→ **What this task involves**:
The answer must consist of every line in the data that contains "view".

→ **Source data**:
----
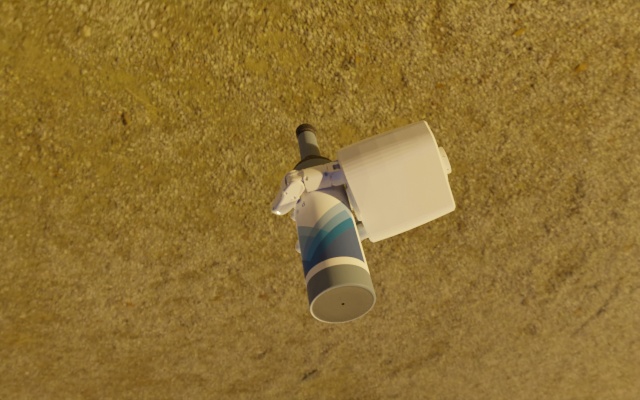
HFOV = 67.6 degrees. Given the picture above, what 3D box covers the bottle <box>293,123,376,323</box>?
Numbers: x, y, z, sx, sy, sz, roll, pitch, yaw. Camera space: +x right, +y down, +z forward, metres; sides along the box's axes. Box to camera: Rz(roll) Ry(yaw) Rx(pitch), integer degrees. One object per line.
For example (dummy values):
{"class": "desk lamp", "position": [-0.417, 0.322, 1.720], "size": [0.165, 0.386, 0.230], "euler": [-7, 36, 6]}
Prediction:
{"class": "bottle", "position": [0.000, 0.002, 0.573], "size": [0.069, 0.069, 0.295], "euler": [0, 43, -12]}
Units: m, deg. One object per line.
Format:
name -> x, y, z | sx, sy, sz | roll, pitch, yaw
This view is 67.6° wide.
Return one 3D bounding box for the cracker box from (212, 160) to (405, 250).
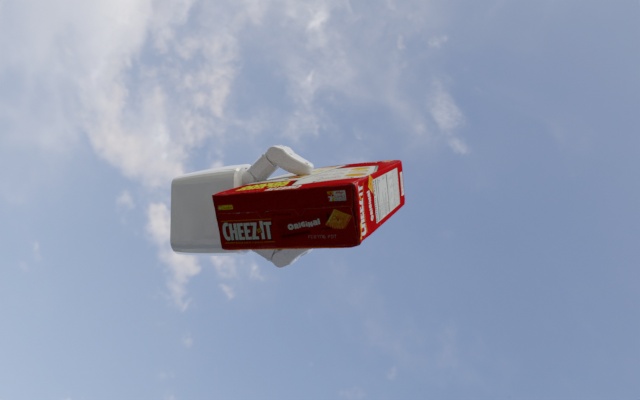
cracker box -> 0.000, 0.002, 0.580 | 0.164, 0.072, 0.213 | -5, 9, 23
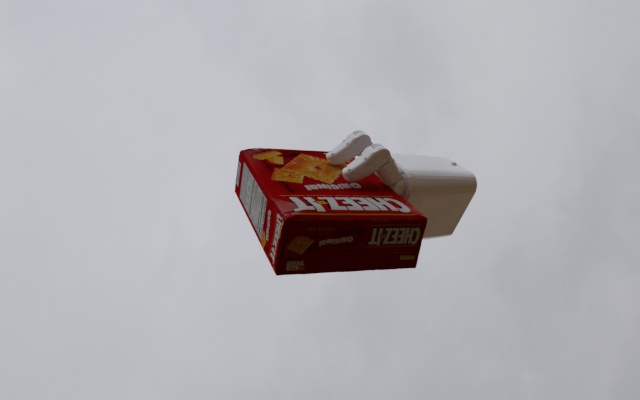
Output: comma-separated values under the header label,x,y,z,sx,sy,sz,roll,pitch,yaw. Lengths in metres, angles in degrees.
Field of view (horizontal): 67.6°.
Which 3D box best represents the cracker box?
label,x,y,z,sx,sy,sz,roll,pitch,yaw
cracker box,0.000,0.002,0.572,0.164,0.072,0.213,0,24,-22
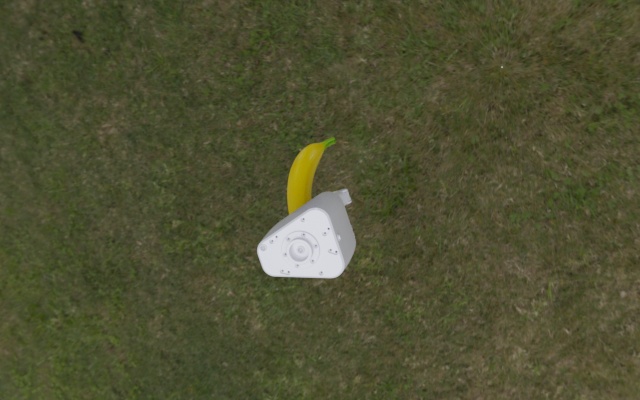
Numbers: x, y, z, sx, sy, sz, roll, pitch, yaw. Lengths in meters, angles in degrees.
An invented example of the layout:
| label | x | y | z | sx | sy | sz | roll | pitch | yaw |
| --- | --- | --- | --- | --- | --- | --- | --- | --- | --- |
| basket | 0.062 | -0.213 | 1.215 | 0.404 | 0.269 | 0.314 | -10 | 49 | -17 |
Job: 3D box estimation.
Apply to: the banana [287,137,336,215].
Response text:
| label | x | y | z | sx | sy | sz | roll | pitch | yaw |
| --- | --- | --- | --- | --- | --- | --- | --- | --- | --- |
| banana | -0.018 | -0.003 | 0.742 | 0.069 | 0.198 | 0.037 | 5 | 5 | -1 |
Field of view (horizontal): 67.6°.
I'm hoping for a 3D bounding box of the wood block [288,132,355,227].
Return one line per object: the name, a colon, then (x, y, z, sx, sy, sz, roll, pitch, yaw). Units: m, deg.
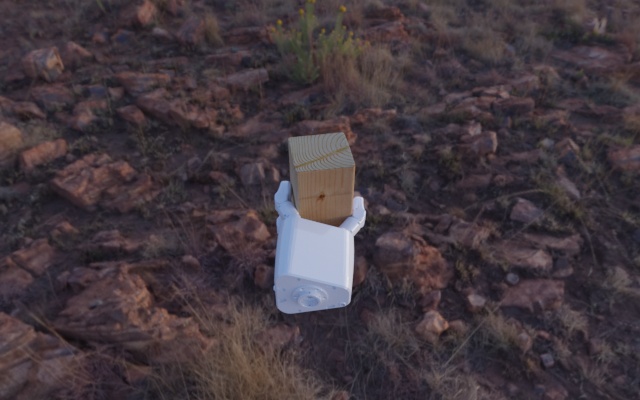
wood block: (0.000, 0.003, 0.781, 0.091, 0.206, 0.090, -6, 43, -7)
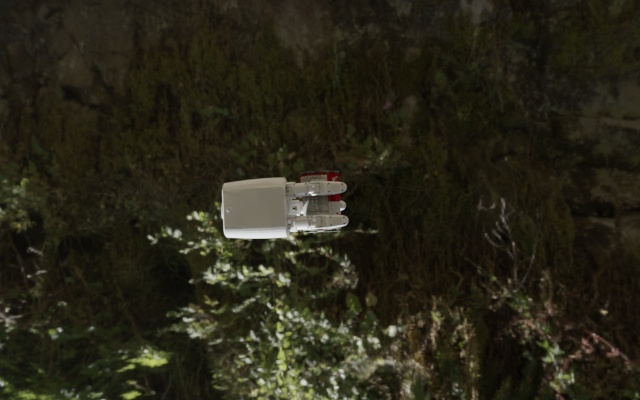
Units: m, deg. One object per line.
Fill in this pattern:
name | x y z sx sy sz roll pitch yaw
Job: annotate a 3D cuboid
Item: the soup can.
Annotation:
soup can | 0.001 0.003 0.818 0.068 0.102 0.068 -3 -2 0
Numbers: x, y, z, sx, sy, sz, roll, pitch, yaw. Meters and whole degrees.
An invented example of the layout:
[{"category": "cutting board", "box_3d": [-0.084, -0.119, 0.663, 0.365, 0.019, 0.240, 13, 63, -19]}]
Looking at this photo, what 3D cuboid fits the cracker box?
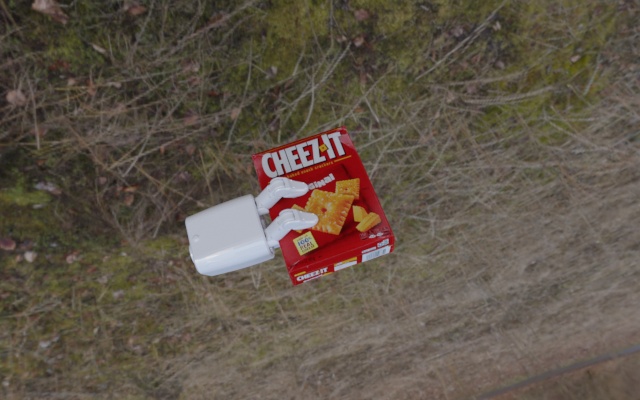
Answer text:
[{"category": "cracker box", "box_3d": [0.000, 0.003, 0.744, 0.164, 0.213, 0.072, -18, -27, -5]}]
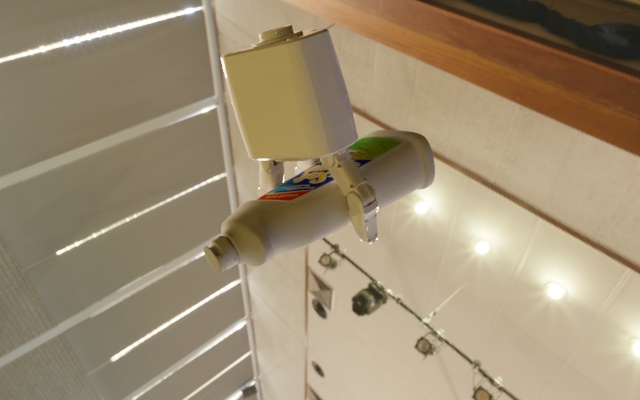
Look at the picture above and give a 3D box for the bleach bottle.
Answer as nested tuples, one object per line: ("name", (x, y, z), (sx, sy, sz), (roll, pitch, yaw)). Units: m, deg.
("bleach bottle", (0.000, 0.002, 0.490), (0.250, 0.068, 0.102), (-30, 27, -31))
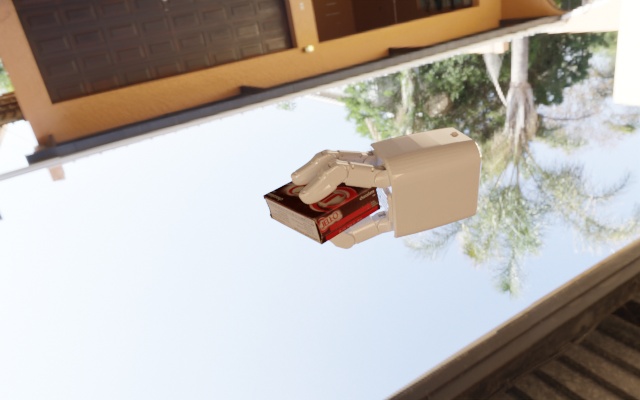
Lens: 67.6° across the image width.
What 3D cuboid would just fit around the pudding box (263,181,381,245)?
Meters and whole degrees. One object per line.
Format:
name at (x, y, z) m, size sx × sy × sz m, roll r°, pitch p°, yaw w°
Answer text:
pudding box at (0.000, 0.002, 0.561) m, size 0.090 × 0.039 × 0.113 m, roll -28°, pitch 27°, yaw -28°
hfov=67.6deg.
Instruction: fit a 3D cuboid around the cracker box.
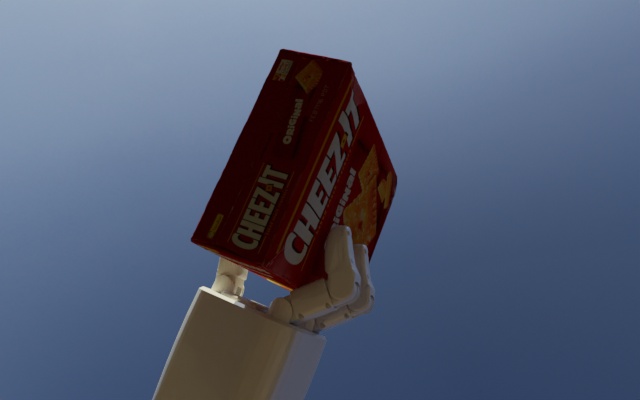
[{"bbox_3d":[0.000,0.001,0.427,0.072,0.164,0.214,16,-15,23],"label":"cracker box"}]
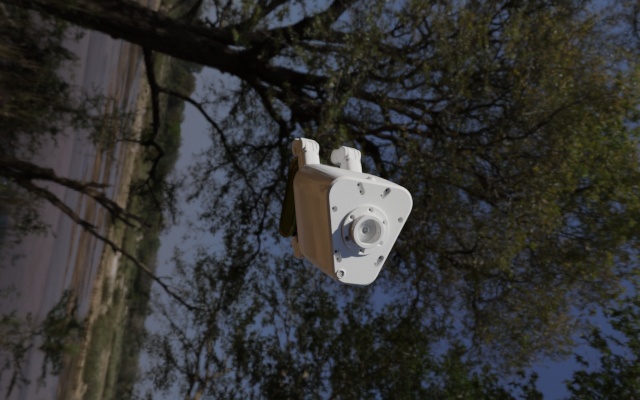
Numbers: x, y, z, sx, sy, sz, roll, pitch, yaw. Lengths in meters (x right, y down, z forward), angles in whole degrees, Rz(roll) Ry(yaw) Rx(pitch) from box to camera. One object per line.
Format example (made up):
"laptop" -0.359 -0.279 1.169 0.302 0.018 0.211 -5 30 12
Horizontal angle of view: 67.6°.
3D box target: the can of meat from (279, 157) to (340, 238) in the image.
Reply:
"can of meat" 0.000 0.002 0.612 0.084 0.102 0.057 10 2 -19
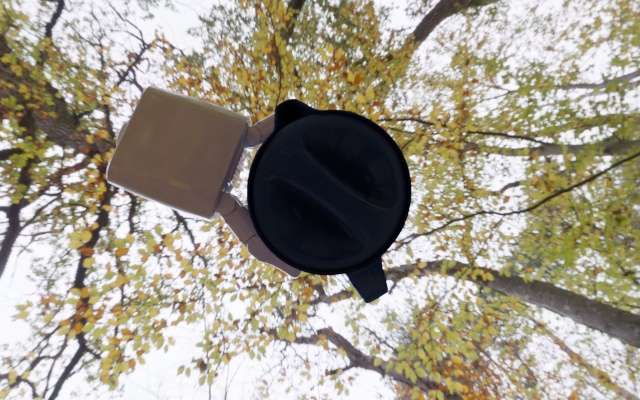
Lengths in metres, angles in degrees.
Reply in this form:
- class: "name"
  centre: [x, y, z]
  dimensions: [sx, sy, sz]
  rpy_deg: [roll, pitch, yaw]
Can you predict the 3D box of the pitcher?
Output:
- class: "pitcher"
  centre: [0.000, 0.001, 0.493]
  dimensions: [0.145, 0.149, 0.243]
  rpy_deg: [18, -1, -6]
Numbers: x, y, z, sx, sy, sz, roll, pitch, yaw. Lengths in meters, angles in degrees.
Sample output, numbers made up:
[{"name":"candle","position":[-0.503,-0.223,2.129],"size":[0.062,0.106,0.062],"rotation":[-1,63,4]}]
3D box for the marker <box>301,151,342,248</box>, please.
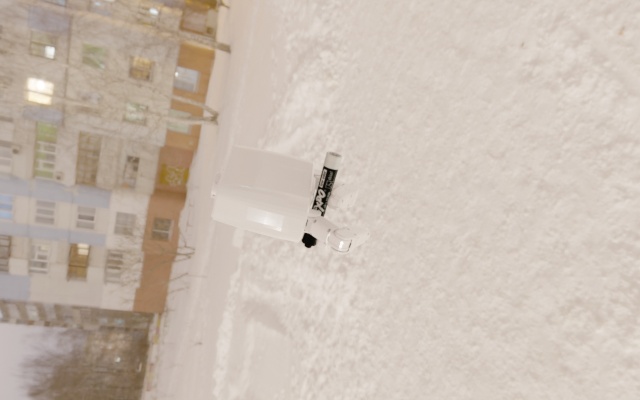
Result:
----
→ **Answer space**:
This view is 67.6° wide.
Field of view (horizontal): 67.6°.
Field of view (horizontal): 67.6°.
Horizontal angle of view: 67.6°.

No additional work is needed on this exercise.